WORK ITEM:
Only the lines from the first line of the entries through the line with "6. box at [522, 471, 540, 479]" belong in the answer, each restated word for word and without pictures.

--- RECORDS PROVIDED Enclosed Below ---

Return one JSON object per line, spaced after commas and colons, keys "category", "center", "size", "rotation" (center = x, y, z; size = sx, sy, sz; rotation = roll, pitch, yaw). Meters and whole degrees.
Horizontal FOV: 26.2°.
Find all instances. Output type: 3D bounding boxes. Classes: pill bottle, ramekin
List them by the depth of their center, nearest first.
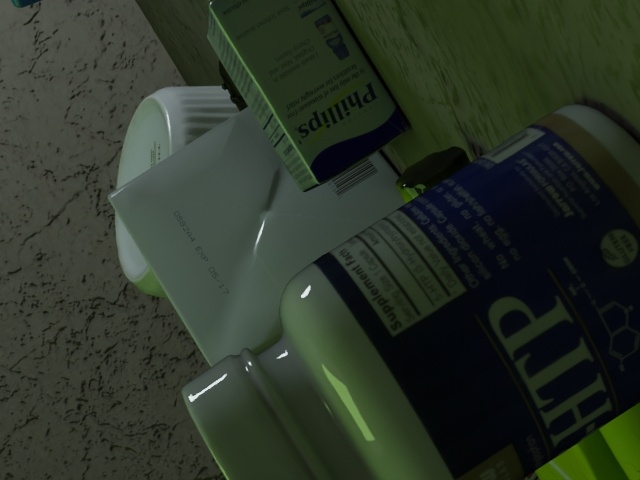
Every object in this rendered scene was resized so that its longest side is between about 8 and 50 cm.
{"category": "pill bottle", "center": [0.048, 0.041, 0.521], "size": [0.112, 0.186, 0.112], "rotation": [57, 176, 6]}
{"category": "ramekin", "center": [-0.144, -0.052, 1.564], "size": [0.273, 0.127, 0.273], "rotation": [-175, 90, -67]}

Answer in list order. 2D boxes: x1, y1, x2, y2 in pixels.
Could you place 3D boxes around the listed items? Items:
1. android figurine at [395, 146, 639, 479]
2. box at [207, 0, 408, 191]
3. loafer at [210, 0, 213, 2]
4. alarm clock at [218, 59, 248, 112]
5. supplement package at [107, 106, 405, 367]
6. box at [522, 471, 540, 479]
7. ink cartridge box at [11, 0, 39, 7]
{"category": "android figurine", "center": [0.132, 0.080, 0.733], "size": [0.273, 0.056, 0.248], "rotation": [59, 175, -14]}
{"category": "box", "center": [-0.013, -0.109, 0.930], "size": [0.137, 0.072, 0.126], "rotation": [59, 176, -3]}
{"category": "loafer", "center": [-0.068, -0.203, 1.114], "size": [0.045, 0.039, 0.125], "rotation": [60, 176, -15]}
{"category": "alarm clock", "center": [-0.044, -0.123, 1.309], "size": [0.129, 0.064, 0.192], "rotation": [57, 179, 12]}
{"category": "supplement package", "center": [-0.009, 0.043, 1.143], "size": [0.199, 0.198, 0.263], "rotation": [54, 174, 33]}
{"category": "box", "center": [0.142, 0.221, 1.069], "size": [0.154, 0.142, 0.300], "rotation": [58, 176, 16]}
{"category": "ink cartridge box", "center": [-0.305, -0.417, 1.312], "size": [0.223, 0.129, 0.307], "rotation": [55, 162, 42]}
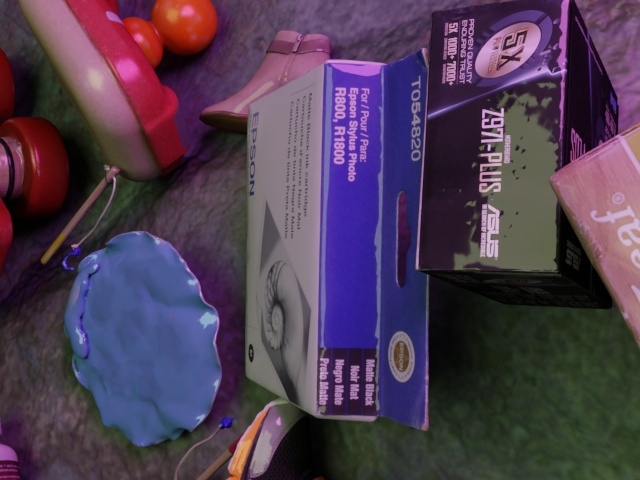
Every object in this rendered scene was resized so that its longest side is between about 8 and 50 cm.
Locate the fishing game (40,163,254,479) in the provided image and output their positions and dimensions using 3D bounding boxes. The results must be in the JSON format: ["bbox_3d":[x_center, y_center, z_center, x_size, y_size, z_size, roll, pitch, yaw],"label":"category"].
[{"bbox_3d":[-0.147,0.084,0.706,0.264,0.041,0.189,53,122,19],"label":"fishing game"}]

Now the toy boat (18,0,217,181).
[{"bbox_3d":[-0.162,-0.175,0.741,0.151,0.151,0.231,-30,64,-12],"label":"toy boat"}]

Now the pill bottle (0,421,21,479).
[{"bbox_3d":[-0.312,0.238,0.753,0.086,0.086,0.152,-25,68,23],"label":"pill bottle"}]

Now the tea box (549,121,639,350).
[{"bbox_3d":[0.332,0.052,0.348,0.323,0.220,0.329,-32,67,21],"label":"tea box"}]

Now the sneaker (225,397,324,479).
[{"bbox_3d":[-0.018,0.219,0.599,0.083,0.084,0.214,1,89,26],"label":"sneaker"}]

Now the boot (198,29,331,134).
[{"bbox_3d":[-0.043,-0.135,0.707,0.118,0.042,0.087,9,78,29],"label":"boot"}]

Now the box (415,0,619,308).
[{"bbox_3d":[0.127,-0.040,0.505,0.078,0.180,0.147,1,80,27],"label":"box"}]

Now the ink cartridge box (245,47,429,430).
[{"bbox_3d":[0.000,0.000,0.559,0.224,0.045,0.223,177,94,-67],"label":"ink cartridge box"}]

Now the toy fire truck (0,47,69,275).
[{"bbox_3d":[-0.392,-0.046,0.832,0.302,0.169,0.254,51,130,28],"label":"toy fire truck"}]
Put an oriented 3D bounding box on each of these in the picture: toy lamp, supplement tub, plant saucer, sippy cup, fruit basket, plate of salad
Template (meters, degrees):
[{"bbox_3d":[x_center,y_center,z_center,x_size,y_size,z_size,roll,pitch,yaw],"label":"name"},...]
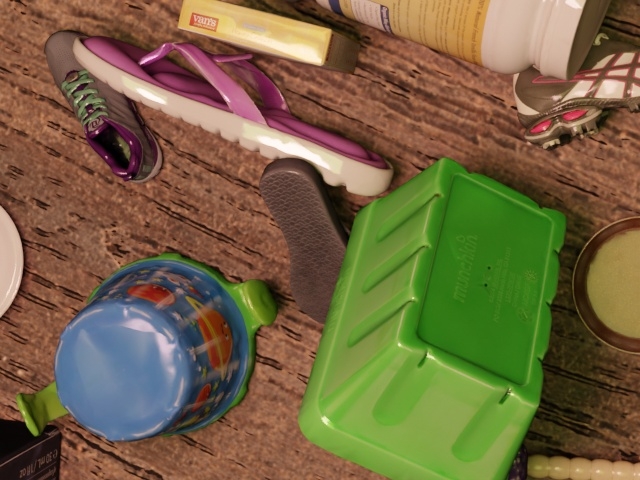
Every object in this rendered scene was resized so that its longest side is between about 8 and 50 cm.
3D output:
[{"bbox_3d":[0.359,0.283,1.732,0.274,0.080,0.080,1,95,11],"label":"toy lamp"},{"bbox_3d":[0.169,-0.323,1.620,0.316,0.228,0.228,23,98,15],"label":"supplement tub"},{"bbox_3d":[0.390,0.053,1.732,0.168,0.029,0.168,1,96,9],"label":"plant saucer"},{"bbox_3d":[-0.214,0.143,1.746,0.240,0.224,0.305,29,100,7],"label":"sippy cup"},{"bbox_3d":[0.127,0.147,1.650,0.283,0.392,0.392,25,99,-8],"label":"fruit basket"},{"bbox_3d":[-0.481,0.030,1.872,0.200,0.048,0.200,-1,84,9],"label":"plate of salad"}]

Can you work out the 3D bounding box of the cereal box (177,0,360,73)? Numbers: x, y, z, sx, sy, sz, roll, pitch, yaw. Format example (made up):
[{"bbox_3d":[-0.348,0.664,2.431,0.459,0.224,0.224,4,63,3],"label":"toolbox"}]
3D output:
[{"bbox_3d":[-0.054,-0.239,1.675,0.173,0.240,0.047,15,97,9],"label":"cereal box"}]

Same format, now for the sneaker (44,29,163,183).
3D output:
[{"bbox_3d":[-0.278,-0.172,1.792,0.083,0.098,0.224,-36,88,11],"label":"sneaker"}]

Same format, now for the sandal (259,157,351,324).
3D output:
[{"bbox_3d":[0.001,0.000,1.733,0.097,0.054,0.254,-3,129,17],"label":"sandal"}]

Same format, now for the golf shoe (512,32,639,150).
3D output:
[{"bbox_3d":[0.359,-0.198,1.680,0.273,0.105,0.120,-17,85,10],"label":"golf shoe"}]

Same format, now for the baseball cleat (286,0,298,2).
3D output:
[{"bbox_3d":[-0.105,-0.359,1.771,0.109,0.072,0.206,-39,83,24],"label":"baseball cleat"}]

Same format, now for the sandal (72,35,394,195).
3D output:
[{"bbox_3d":[-0.094,-0.178,1.733,0.416,0.169,0.102,24,102,-5],"label":"sandal"}]

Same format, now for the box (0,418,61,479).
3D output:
[{"bbox_3d":[-0.482,0.441,1.782,0.212,0.293,0.395,6,96,10],"label":"box"}]
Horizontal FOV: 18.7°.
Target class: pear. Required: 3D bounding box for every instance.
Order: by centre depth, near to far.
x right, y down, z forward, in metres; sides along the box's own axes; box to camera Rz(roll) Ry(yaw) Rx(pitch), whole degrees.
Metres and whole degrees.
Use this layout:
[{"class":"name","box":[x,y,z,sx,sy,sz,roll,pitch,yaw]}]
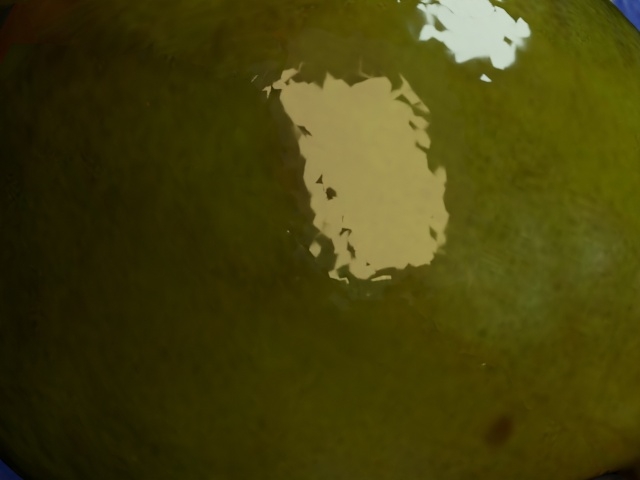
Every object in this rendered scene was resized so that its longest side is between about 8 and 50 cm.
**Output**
[{"class":"pear","box":[0.000,0.000,0.688,0.321,0.269,0.269,19,67,19]}]
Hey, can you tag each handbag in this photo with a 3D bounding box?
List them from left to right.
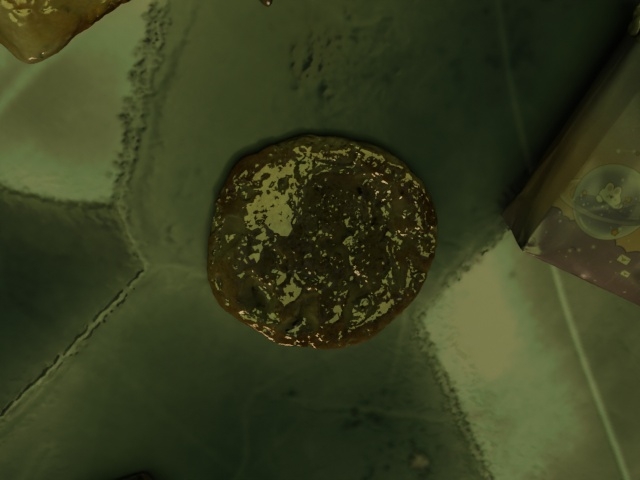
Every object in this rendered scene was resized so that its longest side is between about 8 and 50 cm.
[{"bbox_3d":[0.204,-0.050,0.795,0.117,0.095,0.173,23,109,-21],"label":"handbag"}]

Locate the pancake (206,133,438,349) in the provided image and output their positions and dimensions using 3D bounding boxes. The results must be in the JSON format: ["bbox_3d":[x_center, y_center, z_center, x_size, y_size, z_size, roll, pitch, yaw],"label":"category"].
[{"bbox_3d":[0.000,0.000,0.816,0.152,0.025,0.151,-3,113,-8],"label":"pancake"}]

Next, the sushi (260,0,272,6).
[{"bbox_3d":[-0.011,-0.221,0.589,0.219,0.225,0.238,-12,115,-8],"label":"sushi"}]

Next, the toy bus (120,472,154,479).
[{"bbox_3d":[-0.114,0.244,0.877,0.072,0.057,0.172,-24,114,-10],"label":"toy bus"}]

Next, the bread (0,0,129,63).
[{"bbox_3d":[-0.148,-0.166,0.698,0.125,0.082,0.106,-38,123,-5],"label":"bread"}]

--- End of Enclosed RECORDS PROVIDED ---

RESULT OF THE EXERCISE:
Return one JSON object per line, spaced after commas and colons, keys "category", "center", "size", "rotation" (center = x, y, z; size = sx, sy, sz; rotation = roll, pitch, yaw). Meters and whole degrees.
Horizontal FOV: 26.2°.
Find all instances. Output type: 3D bounding boxes. Classes: pill bottle, ramekin
List them by the depth of their center, nearest first.
Every object in this rendered scene was resized so that its longest side is between about 8 and 50 cm.
{"category": "pill bottle", "center": [0.048, 0.041, 0.521], "size": [0.112, 0.186, 0.112], "rotation": [57, 176, 6]}
{"category": "ramekin", "center": [-0.144, -0.052, 1.564], "size": [0.273, 0.127, 0.273], "rotation": [-175, 90, -67]}

Answer in list order. 2D boxes: x1, y1, x2, y2 in pixels.
Could you place 3D boxes around the listed items? Items:
1. android figurine at [395, 146, 639, 479]
2. box at [207, 0, 408, 191]
3. loafer at [210, 0, 213, 2]
4. alarm clock at [218, 59, 248, 112]
5. supplement package at [107, 106, 405, 367]
6. box at [522, 471, 540, 479]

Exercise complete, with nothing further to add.